Three reasoning responses displayed side by side

There's also a logic analysis feature. Click "Analyze Logic" on any response and the backend sends that text back to the model with a different prompt: extract the symbolic form, identify the argument structure, check for logical fallacies, assess validity. It returns structured JSON that renders as a clean breakdown: symbolic notation, premises, conclusion, any fallacies detected with corrections.

Logic analysis panel showing symbolic form, premises, and fallacy detection

The first page includes response structure guidelines showing exactly what each reasoning type should look like, so you can evaluate whether the model actually followed the pattern. Useful for classroom discussion.

Deployment uses Docker Hub and nginx as a reverse proxy with HTTPS via Let's Encrypt. The frontend is built with the API URL baked in at build time via a Docker ARG, which meant rebuilding any time the domain changed. A lesson I learned the hard way after the /api path doubled up in the URL.

What I Learned

The most interesting finding was how much framing shapes content. Ask the same question three ways and you get genuinely different information surfaced. The inductive response cites examples the deductive one never mentions. The abductive one often surfaces a mechanism the other two skip past entirely.

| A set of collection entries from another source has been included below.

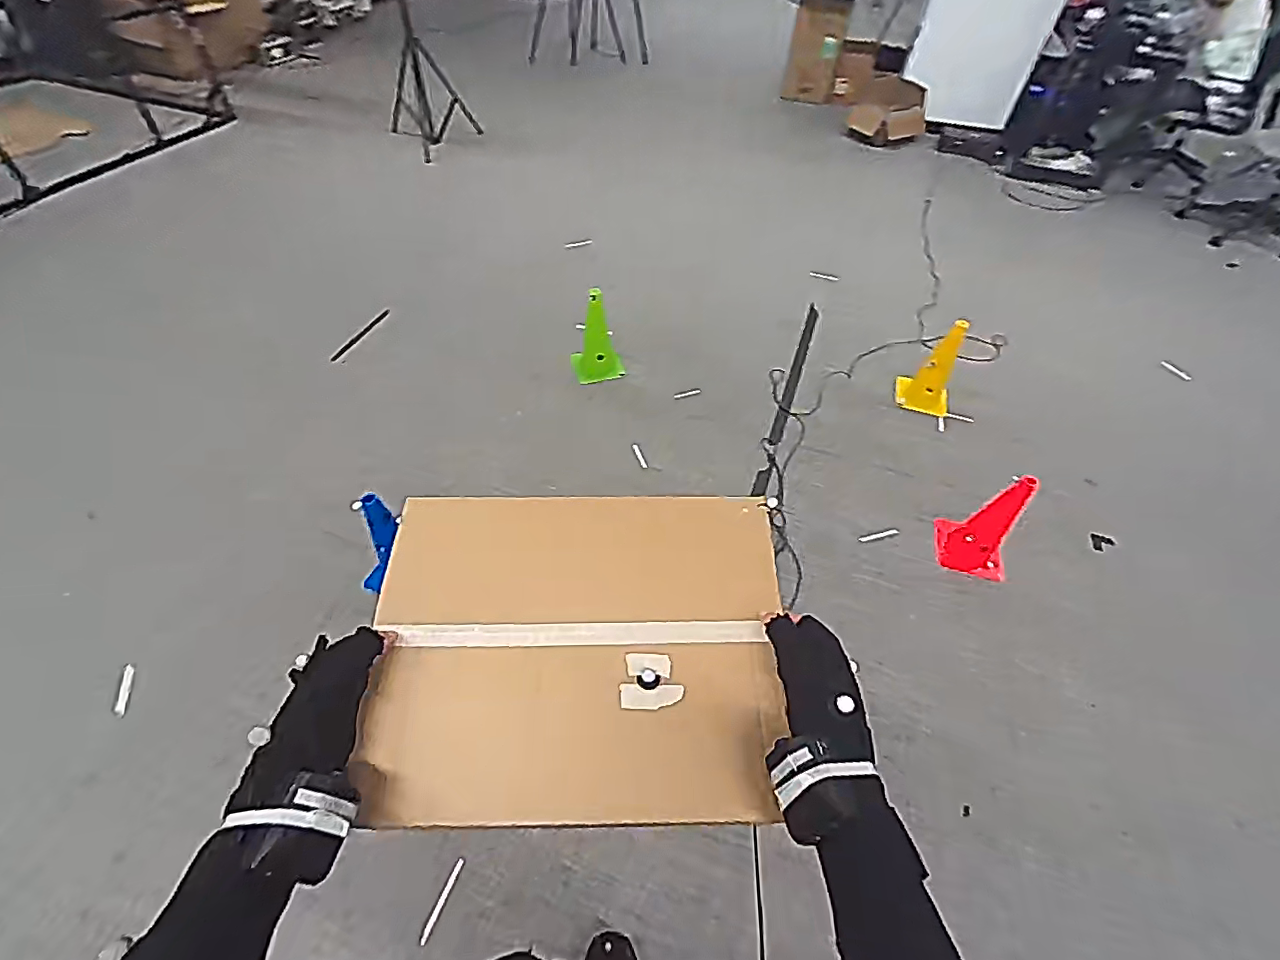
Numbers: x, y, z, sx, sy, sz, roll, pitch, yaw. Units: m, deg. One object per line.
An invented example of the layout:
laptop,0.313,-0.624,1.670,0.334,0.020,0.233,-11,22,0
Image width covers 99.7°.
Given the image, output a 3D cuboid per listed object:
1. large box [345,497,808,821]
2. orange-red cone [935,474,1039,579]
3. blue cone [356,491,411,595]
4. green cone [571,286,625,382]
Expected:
large box,-0.058,0.231,0.663,0.408,0.320,0.320,1,58,-1
orange-red cone,1.077,0.108,1.633,0.198,0.360,0.199,16,50,9
blue cone,-0.709,0.165,1.530,0.192,0.380,0.193,19,52,14
green cone,-0.177,-0.606,2.166,0.202,0.368,0.200,-13,52,-11
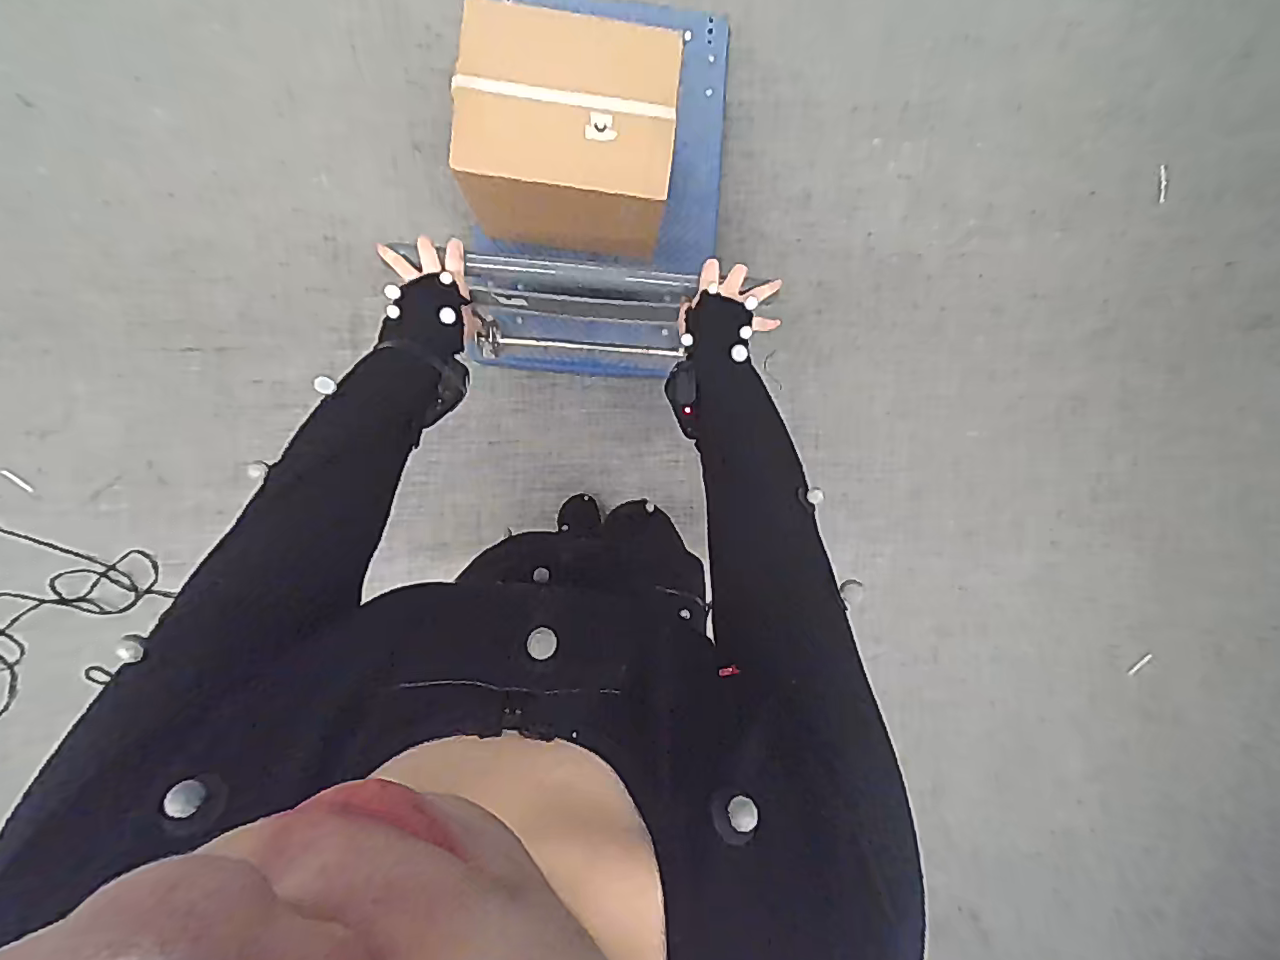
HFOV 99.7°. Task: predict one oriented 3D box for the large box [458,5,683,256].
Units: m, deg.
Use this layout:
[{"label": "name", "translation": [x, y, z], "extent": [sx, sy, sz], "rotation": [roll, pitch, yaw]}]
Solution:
[{"label": "large box", "translation": [-0.142, -0.711, 1.161], "extent": [0.408, 0.320, 0.320], "rotation": [6, 91, -5]}]

It also made the limitations of LLMs more concrete. Sometimes a response labeled "deductive" is really just inductive in disguise. The model gestures at a general principle but then reasons from examples.

Prompt engineering did more heavy lifting than model selection. Getting the model to commit to a structure, not just mention it, required very specific instructions about format, connectors, and what not to do.

The live version is at aiethics.carlostrevisan.xyz and the code is on GitHub.

Same question, three answers, three ways of thinking. Turns out that's often enough to see where the reasoning breaks down.